- _YOUR OBJECTIVE_: Exclude the pictures, then copy word for word the lines running from the beginning of the records through the line with "Identify the document".

- _Entries taken from a collection_:
══════

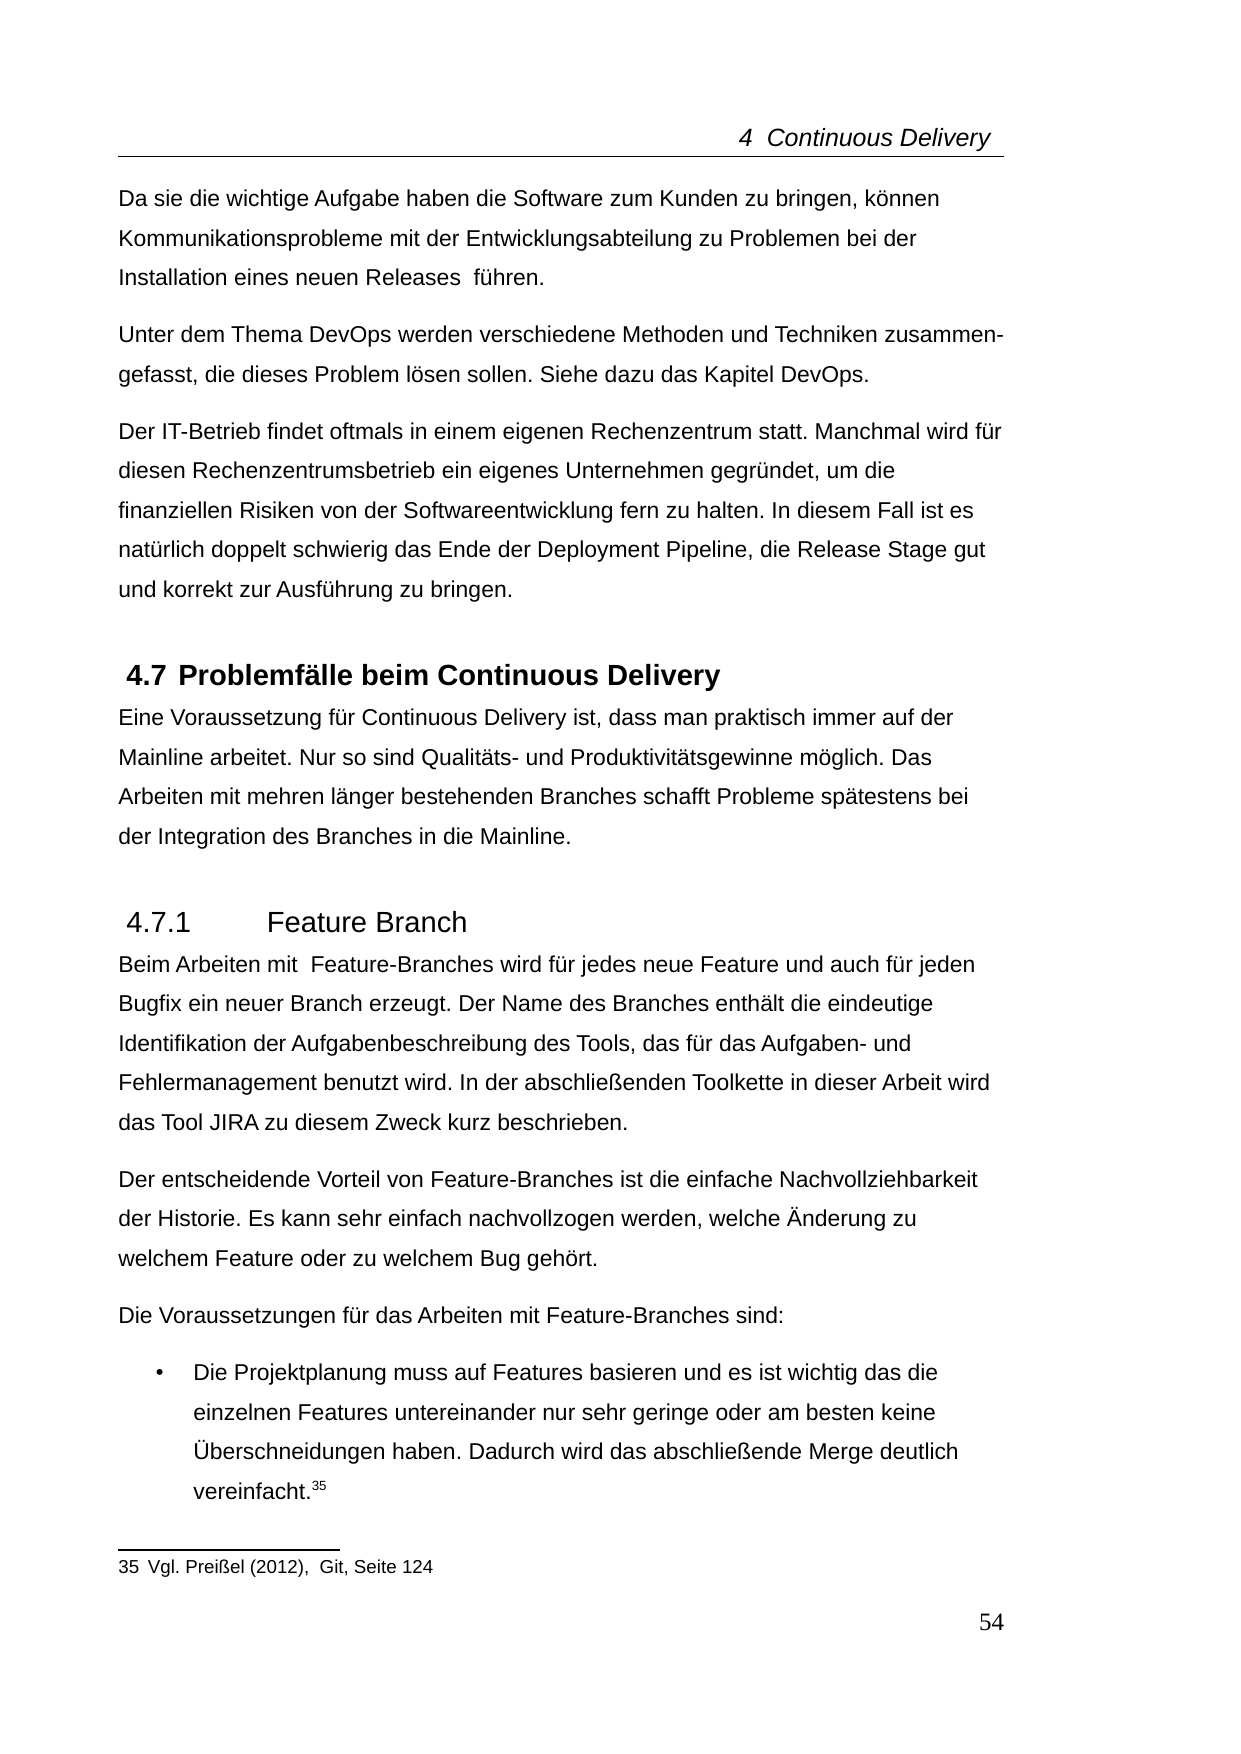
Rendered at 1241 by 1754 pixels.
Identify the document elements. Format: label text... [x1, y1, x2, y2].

text Der entscheidende Vorteil von Feature-Branches ist die einfache Nachvollziehbarkeit der Historie. Es kann sehr einfach nachvollzogen werden, welche Änderung zu welchem Feature oder zu welchem Bug gehört. [118, 1166, 1004, 1271]
text Unter dem Thema DevOps werden verschiedene Methoden und Techniken zusammen-gefasst, die dieses Problem lösen sollen. Siehe dazu das Kapitel DevOps. [118, 321, 1004, 387]
text Eine Voraussetzung für Continuous Delivery ist, dass man praktisch immer auf der Mainline arbeitet. Nur so sind Qualitäts- und Produktivitätsgewinne möglich. Das Arbeiten mit mehren länger bestehenden Branches schafft Probleme spätestens bei der Integration des Branches in die Mainline. [118, 704, 1004, 849]
subtitle Problemfälle beim Continuous Delivery [118, 658, 1004, 692]
list Vgl. Preißel (2012), Git, Seite 124 [118, 1556, 1004, 1578]
text Beim Arbeiten mit Feature-Branches wird für jedes neue Feature und auch für jeden Bugfix ein neuer Branch erzeugt. Der Name des Branches enthält die eindeutige Identifikation der Aufgabenbeschreibung des Tools, das für das Aufgaben- und Fehlermanagement benutzt wird. In der abschließenden Toolkette in dieser Arbeit wird das Tool JIRA zu diesem Zweck kurz beschrieben. [118, 951, 1004, 1135]
list Die Projektplanung muss auf Features basieren und es ist wichtig das die einzelnen Features untereinander nur sehr geringe oder am besten keine Überschneidungen haben. Dadurch wird das abschließende Merge deutlich vereinfacht. [156, 1359, 1004, 1504]
text Die Voraussetzungen für das Arbeiten mit Feature-Branches sind: [118, 1302, 1004, 1328]
subtitle Feature Branch [118, 905, 1004, 938]
text Da sie die wichtige Aufgabe haben die Software zum Kunden zu bringen, können Kommunikationsprobleme mit der Entwicklungsabteilung zu Problemen bei der Installation eines neuen Releases führen. [118, 185, 1004, 291]
text Der IT-Betrieb findet oftmals in einem eigenen Rechenzentrum statt. Manchmal wird für diesen Rechenzentrumsbetrieb ein eigenes Unternehmen gegründet, um die finanziellen Risiken von der Softwareentwicklung fern zu halten. In diesem Fall ist es natürlich doppelt schwierig das Ende der Deployment Pipeline, die Release Stage gut und korrekt zur Ausführung zu bringen. [118, 418, 1004, 602]

══════

- _RESULT_:
Rendered at 1241 by 1754 pixels.
Identify the document elements. Format: label text... [x1, y1, x2, y2].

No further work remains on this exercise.